Plants sit in an appropriate hydroponic media, normally clay pellets or Rockwool.  A water pump, submerged in the nutrient reservoir, pumps the solution up to the base of the plant tray.  The plant tray is tilted very slightly so excess solution flows the full length and then back into the reservoir below.  There is no timer involved and the pump runs continuously.  Again, you will need to pay strict attention to the pH and EC of the nutrient solution.  (see below)

Plants get unrestricted access to oxygen and nutrients.  Hint:  Always worth having a spare water pump, just incase.

Example is the Vivigrow from Greenhouse Sensations.

Aeroponic

These systems have a pump submerged in the nutrient reservoir.  The pump delivers a fine spray or mist at the bare roots of the plants above.  Plants get unrestricted access to oxygen and nutrients.  These systems can be used to grow hydroponically and are often used for propagation and cuttings.  gain, you will need to pay strict attention to the pH and EC of the nutrient solution.  (see below)

Example is the Hydropod from Greenhouse Sensations.

 

Deep Water Culture (DWC)

With this system, bare root plants sit in net pots, above a nutrient reservoir.  The reservoir is filled so the roots just reach the solution.  An Air Stone is used to pump air into the nutrient solution.  These systems can be individual to each plant or many reservoirs joined and the solution re-circulates between them all.

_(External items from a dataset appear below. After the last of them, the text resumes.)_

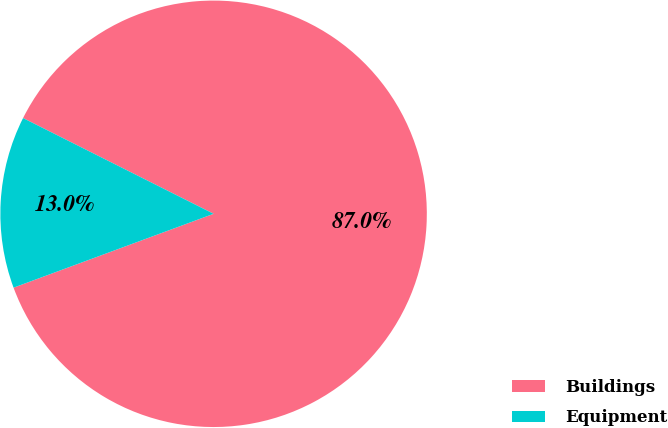Convert chart to OTSL. <chart><loc_0><loc_0><loc_500><loc_500><pie_chart><fcel>Buildings<fcel>Equipment<nl><fcel>86.96%<fcel>13.04%<nl></chart> 
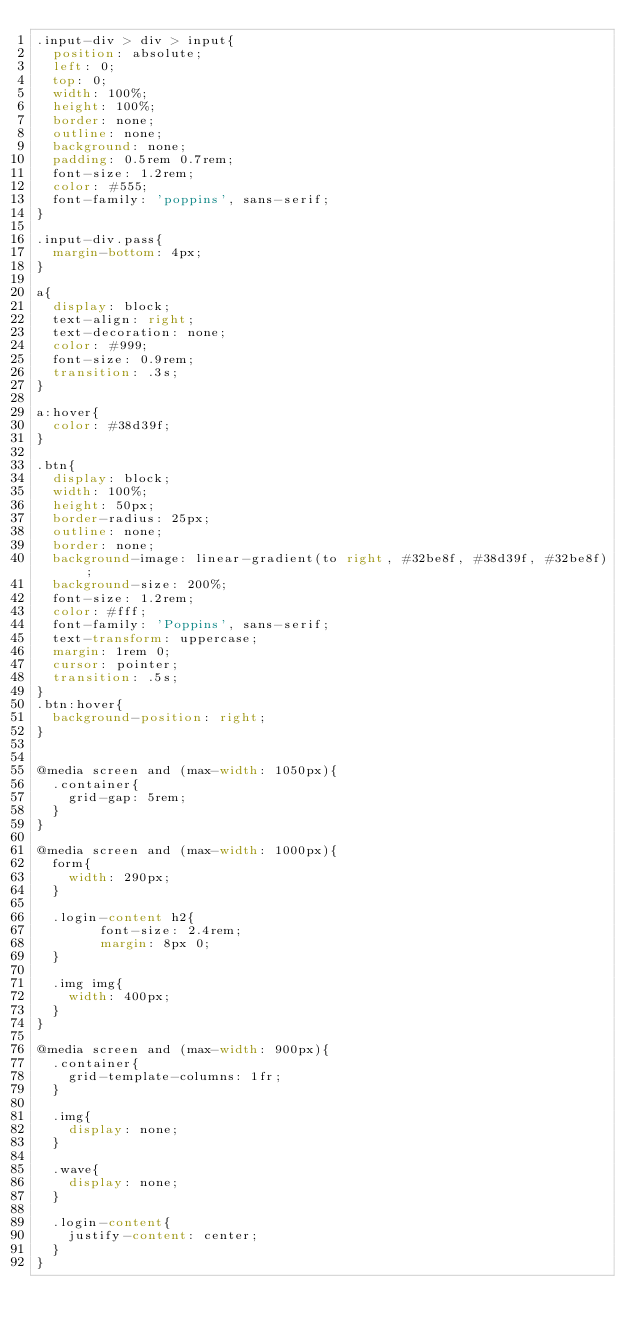Convert code to text. <code><loc_0><loc_0><loc_500><loc_500><_CSS_>.input-div > div > input{
  position: absolute;
  left: 0;
  top: 0;
  width: 100%;
  height: 100%;
  border: none;
  outline: none;
  background: none;
  padding: 0.5rem 0.7rem;
  font-size: 1.2rem;
  color: #555;
  font-family: 'poppins', sans-serif;
}

.input-div.pass{
  margin-bottom: 4px;
}

a{
  display: block;
  text-align: right;
  text-decoration: none;
  color: #999;
  font-size: 0.9rem;
  transition: .3s;
}

a:hover{
  color: #38d39f;
}

.btn{
  display: block;
  width: 100%;
  height: 50px;
  border-radius: 25px;
  outline: none;
  border: none;
  background-image: linear-gradient(to right, #32be8f, #38d39f, #32be8f);
  background-size: 200%;
  font-size: 1.2rem;
  color: #fff;
  font-family: 'Poppins', sans-serif;
  text-transform: uppercase;
  margin: 1rem 0;
  cursor: pointer;
  transition: .5s;
}
.btn:hover{
  background-position: right;
}


@media screen and (max-width: 1050px){
  .container{
    grid-gap: 5rem;
  }
}

@media screen and (max-width: 1000px){
  form{
    width: 290px;
  }

  .login-content h2{
        font-size: 2.4rem;
        margin: 8px 0;
  }

  .img img{
    width: 400px;
  }
}

@media screen and (max-width: 900px){
  .container{
    grid-template-columns: 1fr;
  }

  .img{
    display: none;
  }

  .wave{
    display: none;
  }

  .login-content{
    justify-content: center;
  }
}
</code> 
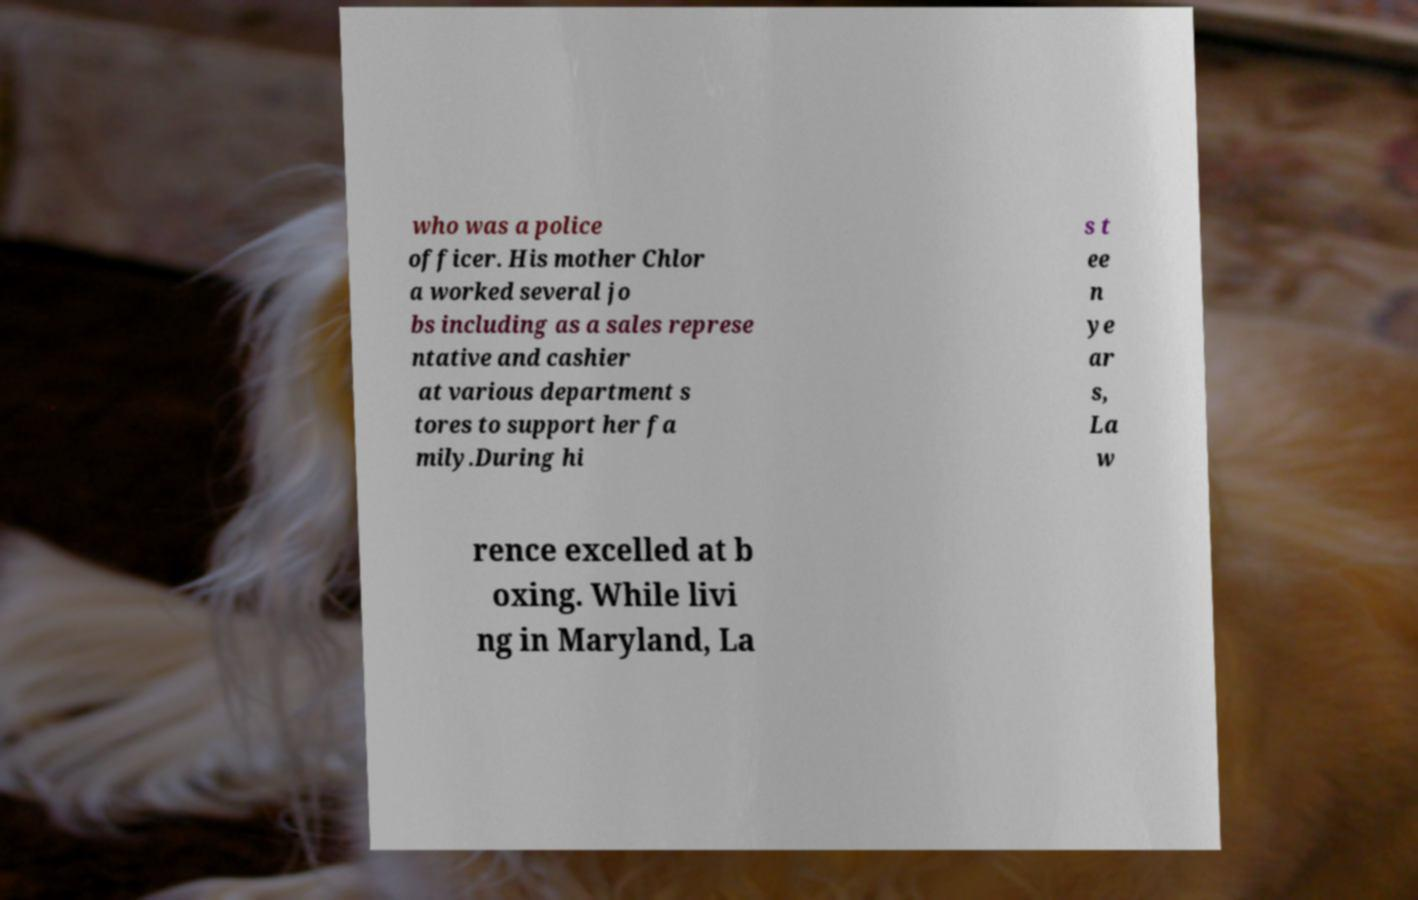Can you accurately transcribe the text from the provided image for me? who was a police officer. His mother Chlor a worked several jo bs including as a sales represe ntative and cashier at various department s tores to support her fa mily.During hi s t ee n ye ar s, La w rence excelled at b oxing. While livi ng in Maryland, La 
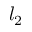Convert formula to latex. <formula><loc_0><loc_0><loc_500><loc_500>l _ { 2 }</formula>

You will need to pay strict attention to the pH and EC of the nutrient solution.  (see below)

An example is the PLANT!T Aeros

Many other systems are available and systems listed here are in no way meant as a recommendation, just an example.

 

PH and EC Levels

With hydroponic systems, it is important to keep a very close eye on the pH and the strength (EC) of the nutrient solution.

PH

Try and keep nutrient solutions between 5.5 and 7.0 pH.  Optimal is around 6.2.  This way all the various nutrients can be easily absorbed by the plant and no nutrient deficiencies should occur.  Systems with small reservoirs will vary greatly and need more frequent checks.

A pH testing kit, or better still a pH testing Pen will help you get it right.  They are easy to use, but may require routine calibration.

Electro Conductivity

EC or Electro Conductivity is the way in which the strength of the feed, within the nutrient solution is measured.  An EC pen will be required, to be accurate.  Never be tempted to exceed the instructions on the nutrients.  If anything, remember nutrient companies are trying to sell as much as possible and want you to use yours as quickly as possible and buy more!  Less really is more, in this instance, especially with seedlings and young plants.

CF is an alternate unit of measure, like centimetres are to inches.  Different EC pens read in different units.